(Exercise requirements) Each entry that follows is to be retyped exactly. Pictures do not belong in the copy.

(Excerpted data)
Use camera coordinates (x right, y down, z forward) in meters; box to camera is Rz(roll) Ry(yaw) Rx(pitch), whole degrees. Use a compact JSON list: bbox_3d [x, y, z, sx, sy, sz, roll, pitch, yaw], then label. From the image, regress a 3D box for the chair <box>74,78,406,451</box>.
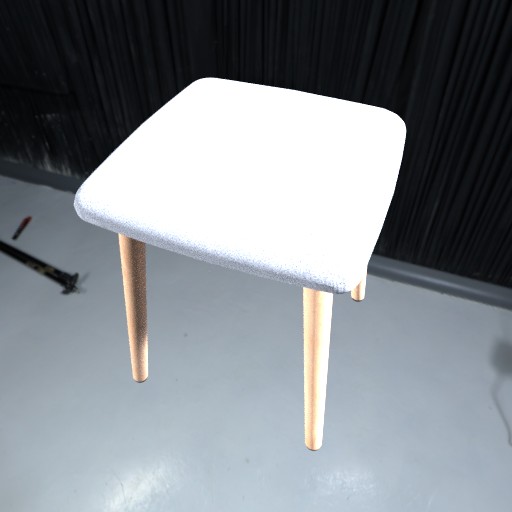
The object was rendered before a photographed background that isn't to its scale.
[{"bbox_3d":[0.000,0.000,0.695,0.350,0.440,0.350,16,48,15],"label":"chair"}]
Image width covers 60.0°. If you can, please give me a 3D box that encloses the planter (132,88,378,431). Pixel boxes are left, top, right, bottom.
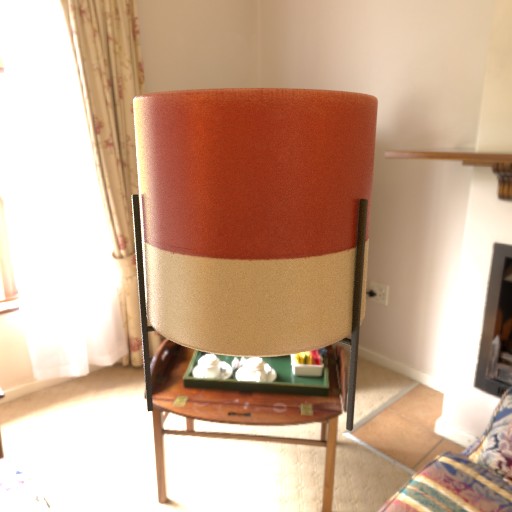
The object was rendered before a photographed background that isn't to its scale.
[{"bbox_3d":[0.000,0.000,0.701,0.345,0.465,0.354,2,15,8],"label":"planter"}]
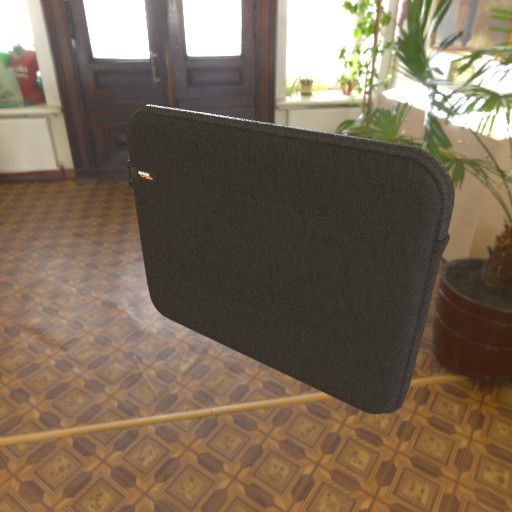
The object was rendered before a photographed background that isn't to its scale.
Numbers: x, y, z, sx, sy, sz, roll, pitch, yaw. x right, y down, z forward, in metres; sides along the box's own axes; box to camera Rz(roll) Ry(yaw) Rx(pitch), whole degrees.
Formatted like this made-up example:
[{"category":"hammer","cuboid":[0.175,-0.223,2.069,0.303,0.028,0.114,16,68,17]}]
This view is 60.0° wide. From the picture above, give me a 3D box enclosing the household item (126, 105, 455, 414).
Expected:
[{"category":"household item","cuboid":[0.000,0.000,0.513,0.396,0.305,0.030,19,34,29]}]
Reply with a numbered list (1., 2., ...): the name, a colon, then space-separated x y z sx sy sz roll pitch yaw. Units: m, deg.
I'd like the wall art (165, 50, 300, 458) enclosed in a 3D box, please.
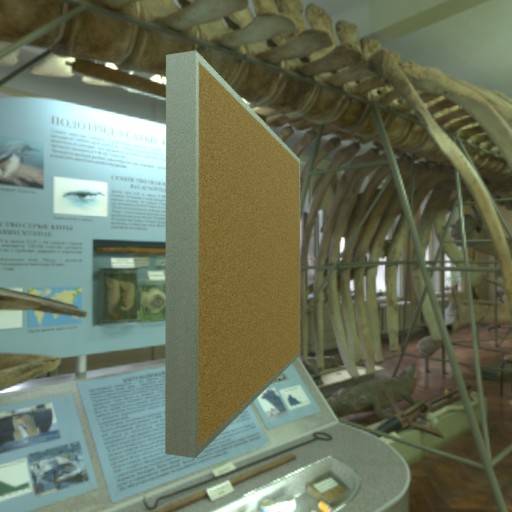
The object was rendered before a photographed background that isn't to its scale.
1. wall art: 0.000 0.000 0.760 0.037 0.450 0.557 0 -1 18

(Reply to the exercise)
Use camera coordinates (x right, y down, z forward) in meters; box to camera is Rz(roll) Ry(yaw) Rx(pitch), whole degrees. Use a compact JSON list: bbox_3d [x, y, z, sx, sy, sz, roll, pitch, yaw], then label. From the image, regress a 3D box for the chair <box>74,78,406,451</box>.
The object was rendered before a photographed background that isn't to its scale.
[{"bbox_3d":[0.000,0.000,0.695,0.350,0.440,0.350,16,48,15],"label":"chair"}]
Image width covers 60.0°. If you can, please give me a 3D box that encloses the planter (132,88,378,431). Pixel boxes are left, top, right, bottom.
The object was rendered before a photographed background that isn't to its scale.
[{"bbox_3d":[0.000,0.000,0.701,0.345,0.465,0.354,2,15,8],"label":"planter"}]
The object was rendered before a photographed background that isn't to its scale.
Numbers: x, y, z, sx, sy, sz, roll, pitch, yaw. x right, y down, z forward, in metres; sides along the box's own axes; box to camera Rz(roll) Ry(yaw) Rx(pitch), whole degrees.
Formatted like this made-up example:
[{"category":"hammer","cuboid":[0.175,-0.223,2.069,0.303,0.028,0.114,16,68,17]}]
This view is 60.0° wide. From the picture above, give me a 3D box enclosing the household item (126, 105, 455, 414).
Expected:
[{"category":"household item","cuboid":[0.000,0.000,0.513,0.396,0.305,0.030,19,34,29]}]
Reply with a numbered list (1., 2., ...): the name, a colon, then space-separated x y z sx sy sz roll pitch yaw. Units: m, deg.
I'd like the wall art (165, 50, 300, 458) enclosed in a 3D box, please.
The object was rendered before a photographed background that isn't to its scale.
1. wall art: 0.000 0.000 0.760 0.037 0.450 0.557 0 -1 18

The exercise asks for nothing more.